Dara arrived on the scene with the cult favorite The Lost Scrapbook in 1995, after it was chosen by the one and only William T. Vollmann for the 12th Annual FC2 Illinois State University National Fiction Competition. Due to its innovation, it drew comparisons to the work of Joseph McElroy, Thomas Pynchon, and most especially William Gaddis. About the latter, Steven Moore wrote: “Asked about Gaddis’s possible influence, Dara told me that while working on The Lost Scrapbook he heard that J R was a novel in dialogue and checked it out from The American Library in Paris: ‘Took the novel home, plunked it open, tapped it shut — didn’t want the influence’ (email January 19, 2014).”

And but so this makes Permanent Earthquake all the more curious, for it’s a relatively traditional novel that, as mentioned, can be traced back to Ballard’s speculative fiction. Some possibly tenuous connections could be made with a magnifying glass if not a microscope. The Lost Scrapbook, for instance, concerns itself with ecology. However, there’s no explanation for this eternal earthquake, only more speculation, so it could be due to human (mis)behavior or something else entirely. The novel’s protagonist, a young man possibly in his early 20s, wonders: “How has the world grown so cold it would shiver thus? […] Resource extraction, overbuilding. Geological devolution, a lowering watertable. Overpopulation. Business cabals. Colonial skullduggery. Falling birthrate leading to a shrinking taxbase leading to decisions to clear the land. Holy decree. No one knows. They shake.”
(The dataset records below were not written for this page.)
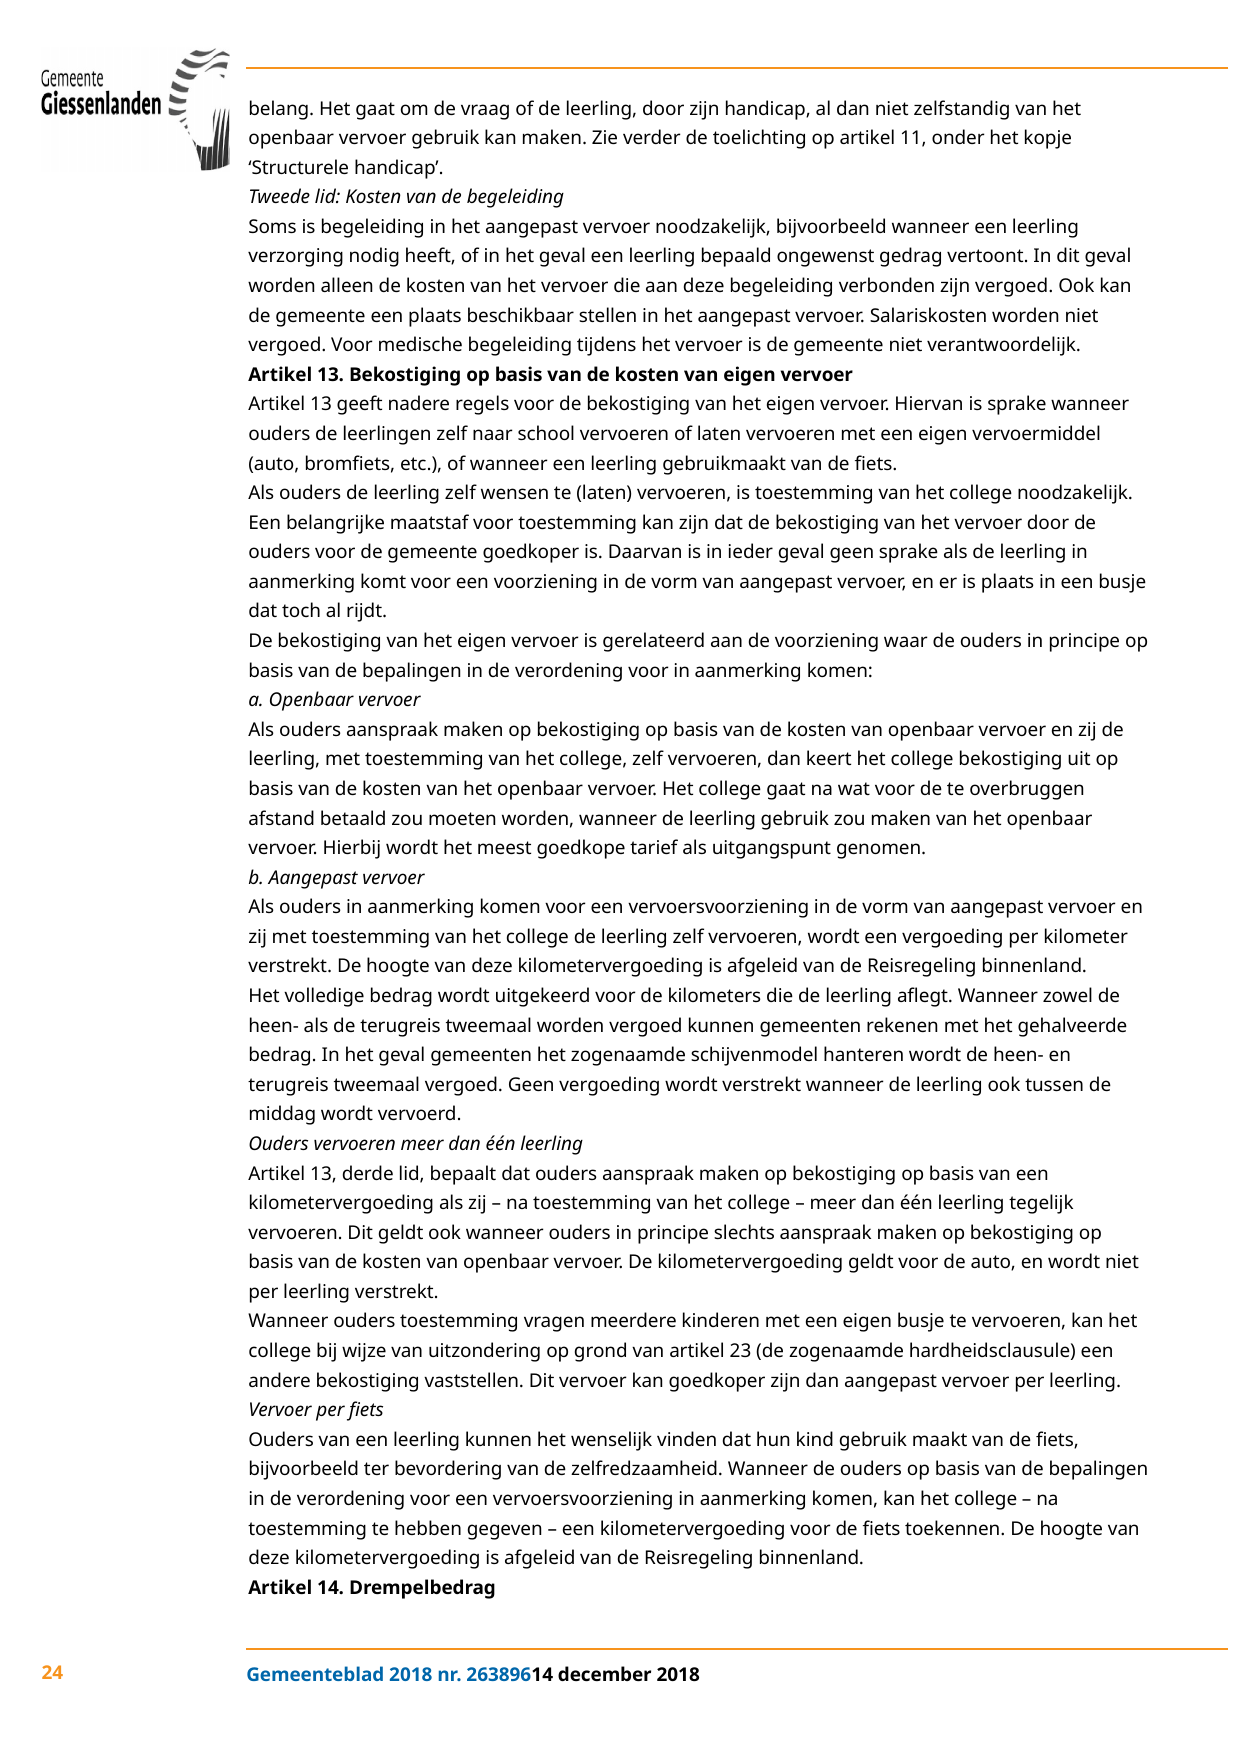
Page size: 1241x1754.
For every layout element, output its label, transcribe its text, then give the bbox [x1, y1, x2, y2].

text Tweede lid: Kosten van de begeleiding [248, 183, 1152, 209]
text Artikel 13. Bekostiging op basis van de kosten van eigen vervoer [248, 361, 1152, 387]
text a. Openbaar vervoer [248, 686, 1152, 712]
text Als ouders in aanmerking komen voor een vervoersvoorziening in de vorm van aangepast vervoer en zij met toestemming van het college de leerling zelf vervoeren, wordt een vergoeding per kilometer verstrekt. De hoogte van deze kilometervergoeding is afgeleid van de Reisregeling binnenland. [248, 893, 1152, 978]
text Soms is begeleiding in het aangepast vervoer noodzakelijk, bijvoorbeeld wanneer een leerling verzorging nodig heeft, of in het geval een leerling bepaald ongewenst gedrag vertoont. In dit geval worden alleen de kosten van het vervoer die aan deze begeleiding verbonden zijn vergoed. Ook kan de gemeente een plaats beschikbaar stellen in het aangepast vervoer. Salariskosten worden niet vergoed. Voor medische begeleiding tijdens het vervoer is de gemeente niet verantwoordelijk. [248, 213, 1152, 357]
text Artikel 14. Drempelbedrag [248, 1574, 1152, 1600]
text Ouders van een leerling kunnen het wenselijk vinden dat hun kind gebruik maakt van de fiets, bijvoorbeeld ter bevordering van de zelfredzaamheid. Wanneer de ouders op basis van de bepalingen in de verordening voor een vervoersvoorziening in aanmerking komen, kan het college – na toestemming te hebben gegeven – een kilometervergoeding voor de fiets toekennen. De hoogte van deze kilometervergoeding is afgeleid van de Reisregeling binnenland. [248, 1426, 1152, 1570]
text Ouders vervoeren meer dan één leerling [248, 1130, 1152, 1156]
text Artikel 13 geeft nadere regels voor de bekostiging van het eigen vervoer. Hiervan is sprake wanneer ouders de leerlingen zelf naar school vervoeren of laten vervoeren met een eigen vervoermiddel (auto, bromfiets, etc.), of wanneer een leerling gebruikmaakt van de fiets. [248, 391, 1152, 476]
text Artikel 13, derde lid, bepaalt dat ouders aanspraak maken op bekostiging op basis van een kilometervergoeding als zij – na toestemming van het college – meer dan één leerling tegelijk vervoeren. Dit geldt ook wanneer ouders in principe slechts aanspraak maken op bekostiging op basis van de kosten van openbaar vervoer. De kilometervergoeding geldt voor de auto, en wordt niet per leerling verstrekt. [248, 1160, 1152, 1304]
text Als ouders de leerling zelf wensen te (laten) vervoeren, is toestemming van het college noodzakelijk. Een belangrijke maatstaf voor toestemming kan zijn dat de bekostiging van het vervoer door de ouders voor de gemeente goedkoper is. Daarvan is in ieder geval geen sprake als de leerling in aanmerking komt voor een voorziening in de vorm van aangepast vervoer, en er is plaats in een busje dat toch al rijdt. [248, 479, 1152, 623]
text Als ouders aanspraak maken op bekostiging op basis van de kosten van openbaar vervoer en zij de leerling, met toestemming van het college, zelf vervoeren, dan keert het college bekostiging uit op basis van de kosten van het openbaar vervoer. Het college gaat na wat voor de te overbruggen afstand betaald zou moeten worden, wanneer de leerling gebruik zou maken van het openbaar vervoer. Hierbij wordt het meest goedkope tarief als uitgangspunt genomen. [248, 716, 1152, 860]
text De bekostiging van het eigen vervoer is gerelateerd aan de voorziening waar de ouders in principe op basis van de bepalingen in de verordening voor in aanmerking komen: [248, 627, 1152, 683]
text Het volledige bedrag wordt uitgekeerd voor de kilometers die de leerling aflegt. Wanneer zowel de heen- als de terugreis tweemaal worden vergoed kunnen gemeenten rekenen met het gehalveerde bedrag. In het geval gemeenten het zogenaamde schijvenmodel hanteren wordt de heen- en terugreis tweemaal vergoed. Geen vergoeding wordt verstrekt wanneer de leerling ook tussen de middag wordt vervoerd. [248, 982, 1152, 1126]
picture [41, 47, 231, 172]
text b. Aangepast vervoer [248, 864, 1152, 890]
text Vervoer per fiets [248, 1396, 1152, 1422]
text belang. Het gaat om de vraag of de leerling, door zijn handicap, al dan niet zelfstandig van het openbaar vervoer gebruik kan maken. Zie verder de toelichting op artikel 11, onder het kopje ‘Structurele handicap’. [248, 95, 1152, 180]
text Wanneer ouders toestemming vragen meerdere kinderen met een eigen busje te vervoeren, kan het college bij wijze van uitzondering op grond van artikel 23 (de zogenaamde hardheidsclausule) een andere bekostiging vaststellen. Dit vervoer kan goedkoper zijn dan aangepast vervoer per leerling. [248, 1308, 1152, 1393]

Regardless of the shake’s source, Dara’s original concept is ripe for exploration. The tremors are constant but fluctuate between a barely bearable Q1 to the higher registers that make falling a perpetual hazard if not an outright fatality. This is why people wear guards on their whole bodies, with backpacks and frontpacks for both storage and the desperate possibility of stability. If you want to keep your tongue, mouthguards are a must. The majority of the dialogue is limited to one or two words, back to caveman grunts, because of the mouthguards we later learn, although the font of this speech is akin to the capitals carved on tombstones, as though the air itself is so thick it needs to be lithically licked. Speaking of stones, most buildings have been utterly razed but there are manses, homes of the wealthy, that are just fine, guarded by gendarmes who are able to stabilize themselves with technology not available to the poor.

There’s not a whole lot in terms of plot. Our sketchy protagonist stumbles around an unspecified island, encountering tipped and juddering cows, tree-climbing snakes, and even a dog that follows but not for long. The main goal ends up being what is called a “stillspot,” where it’s believed forces cancel each other out and calm can be found once again. The only hope in a hopeless world, elusive though it is.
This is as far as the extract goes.